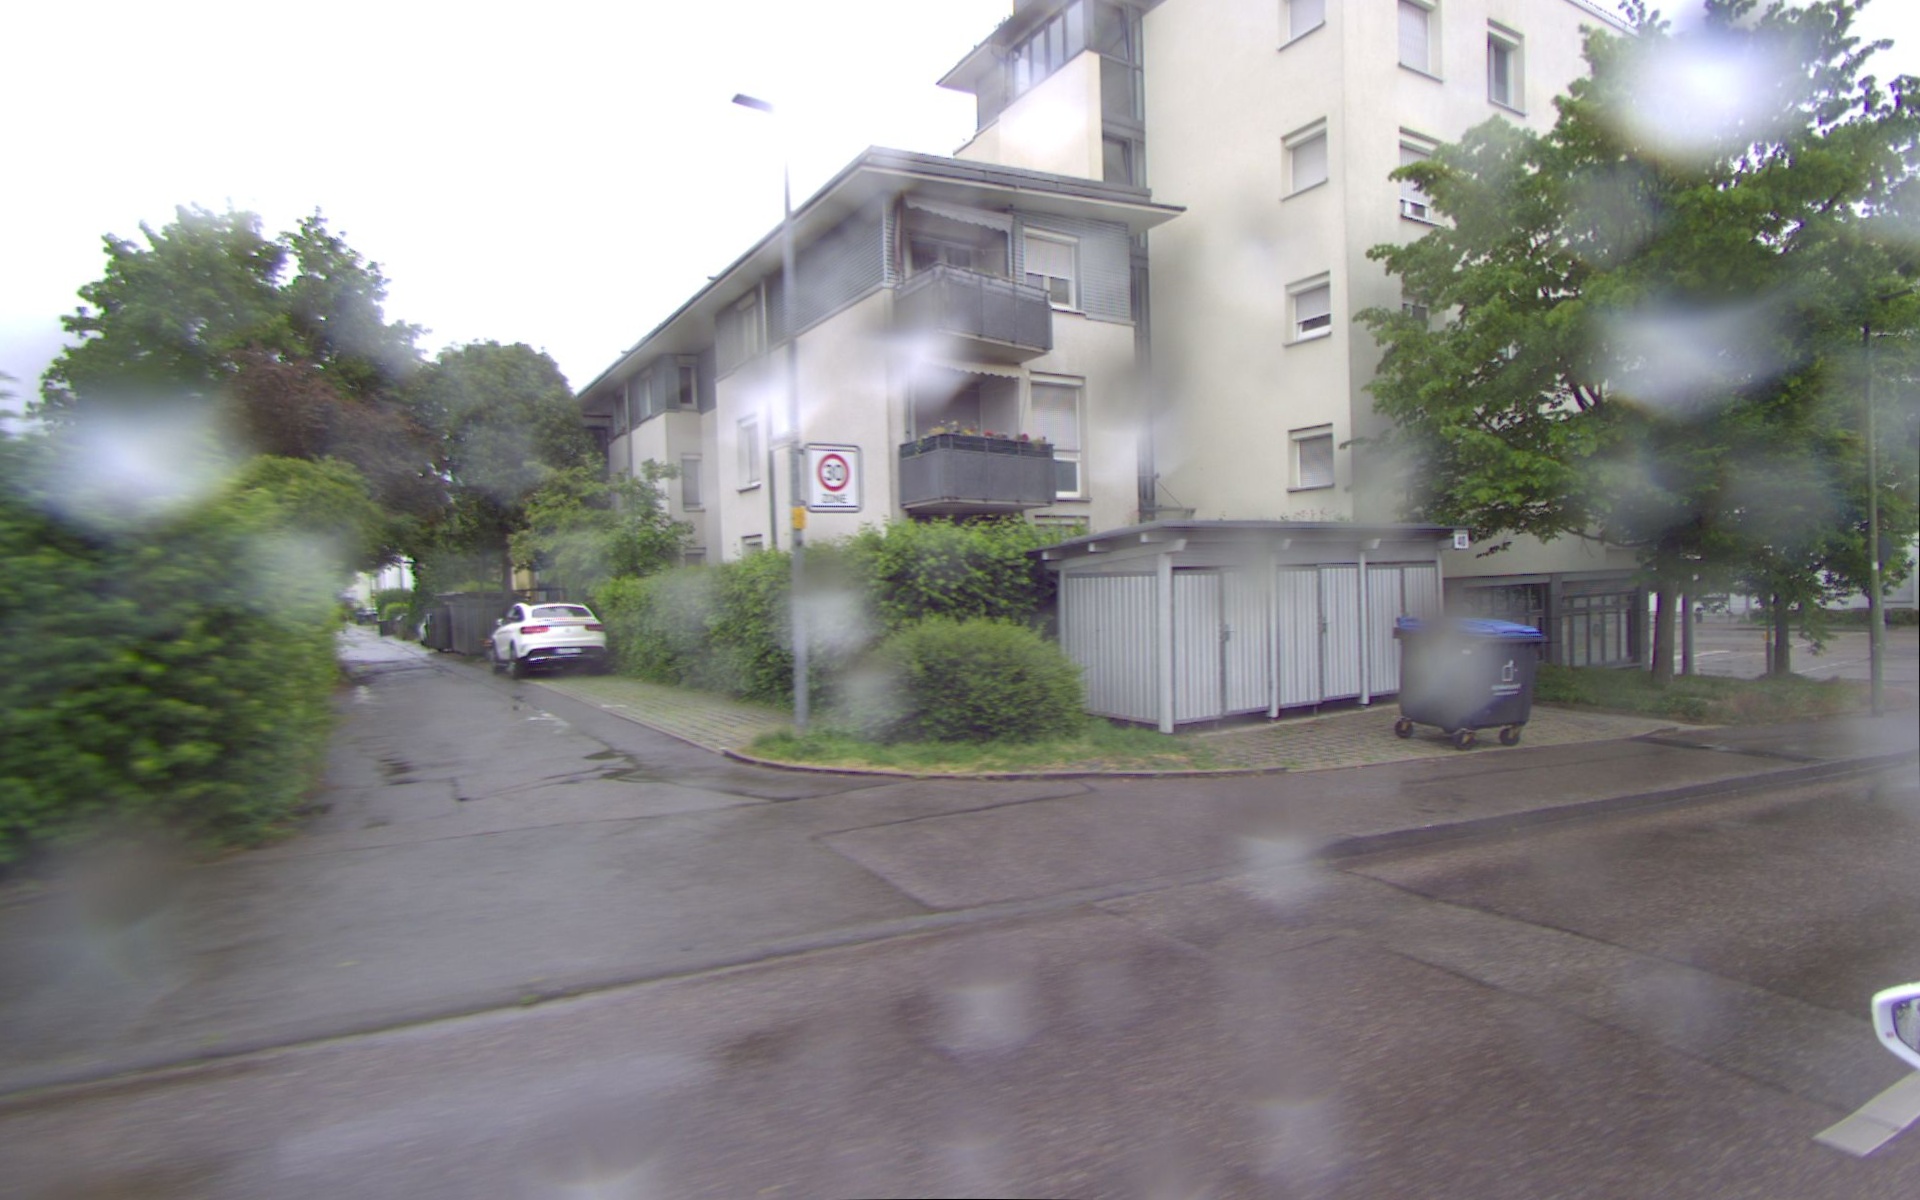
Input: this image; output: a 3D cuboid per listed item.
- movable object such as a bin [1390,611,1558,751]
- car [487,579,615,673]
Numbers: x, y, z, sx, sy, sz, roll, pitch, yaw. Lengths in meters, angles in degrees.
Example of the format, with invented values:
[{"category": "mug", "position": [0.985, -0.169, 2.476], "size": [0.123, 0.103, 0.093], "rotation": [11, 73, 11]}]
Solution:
[{"category": "movable object such as a bin", "position": [5.539, 0.821, 10.846], "size": [1.304, 1.365, 1.065], "rotation": [1, 2, -32]}, {"category": "car", "position": [-9.632, 0.617, 23.479], "size": [2.178, 1.991, 3.967], "rotation": [0, -2, -31]}]
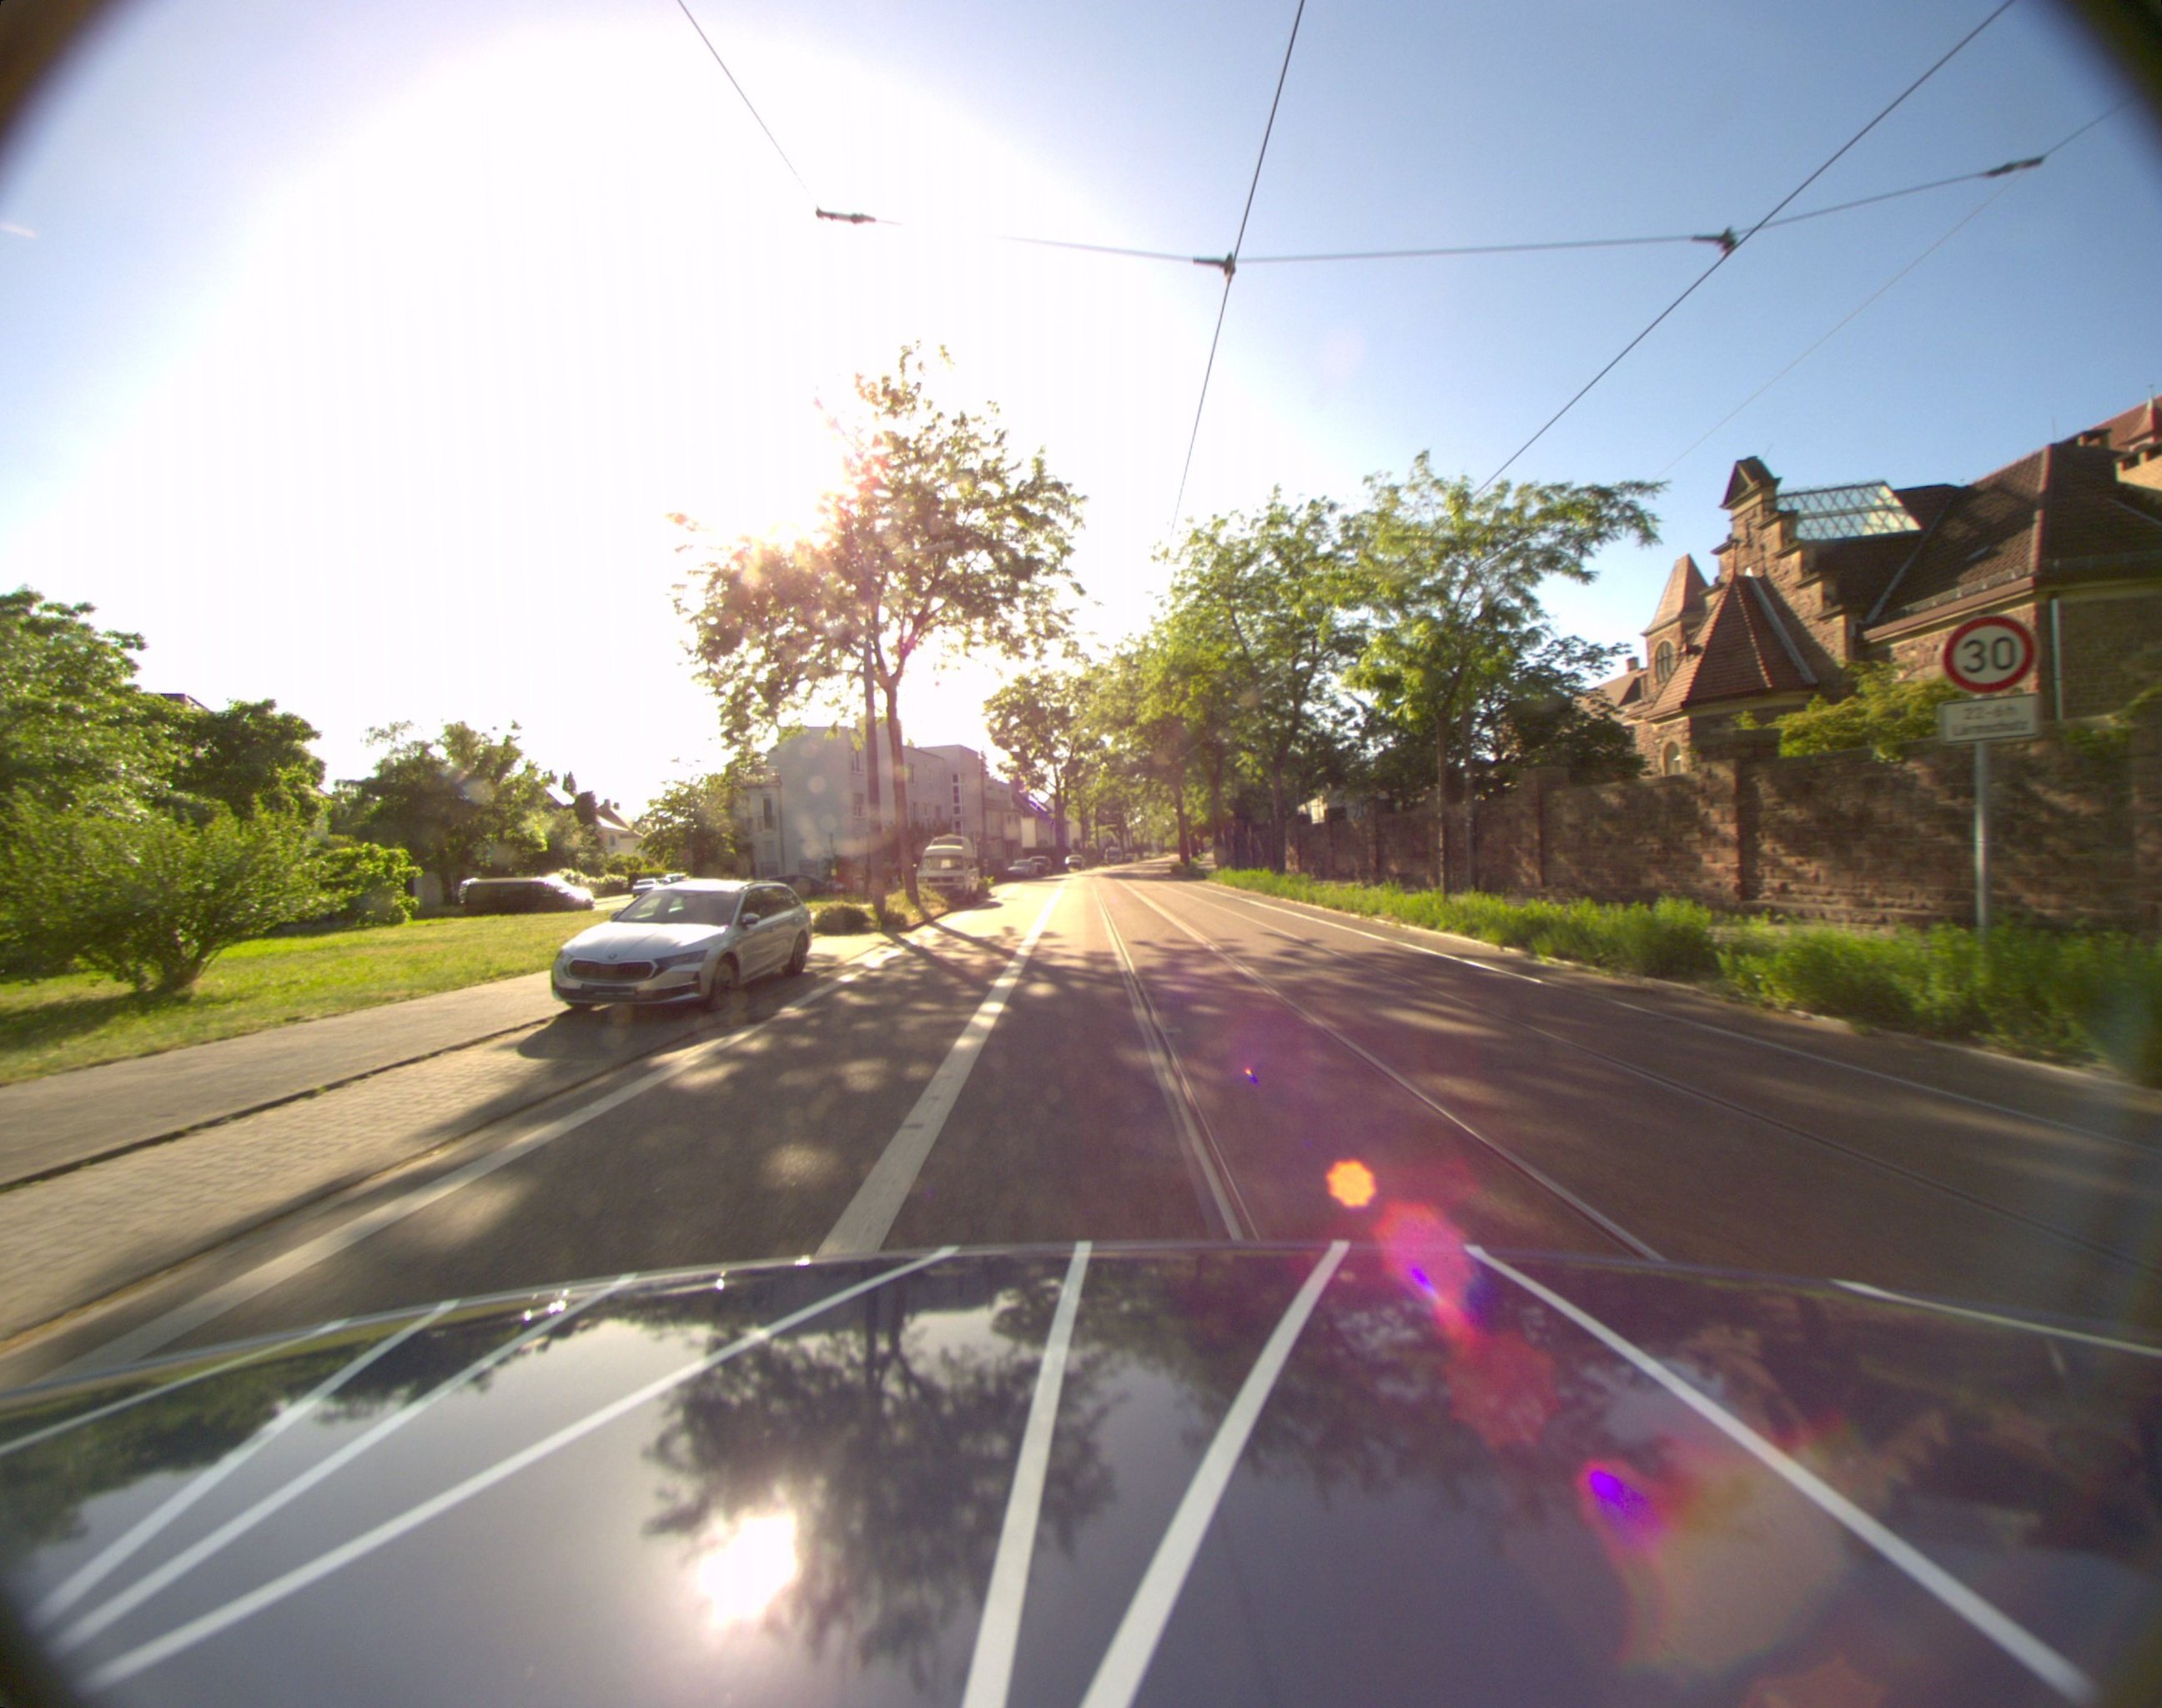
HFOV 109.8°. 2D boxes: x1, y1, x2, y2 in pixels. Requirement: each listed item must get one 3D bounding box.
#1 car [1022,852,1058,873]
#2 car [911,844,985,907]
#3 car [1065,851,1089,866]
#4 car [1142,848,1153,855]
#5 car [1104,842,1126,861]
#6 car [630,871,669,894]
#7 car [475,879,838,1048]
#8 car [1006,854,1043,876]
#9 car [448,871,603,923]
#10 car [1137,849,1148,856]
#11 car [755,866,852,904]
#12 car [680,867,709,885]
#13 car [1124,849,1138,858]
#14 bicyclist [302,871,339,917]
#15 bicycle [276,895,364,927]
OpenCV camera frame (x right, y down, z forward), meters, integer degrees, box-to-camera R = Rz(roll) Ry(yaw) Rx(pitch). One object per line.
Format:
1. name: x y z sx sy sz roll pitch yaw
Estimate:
◇ ◇ ◇
TASK INSTRUCTIONS
The lines above that hold the string "pitch" are to be located and copied.

TASK SOLUTION
Numbers: x, y, z, sx, sy, sz, roll, pitch, yaw. Lengths in meters, angles in degrees.
OpenCV camera frame (x right, y down, z forward), meters, integer degrees, box-to-camera R = Rz(roll) Ry(yaw) Rx(pitch). One object per line.
1. name: x y z sx sy sz roll pitch yaw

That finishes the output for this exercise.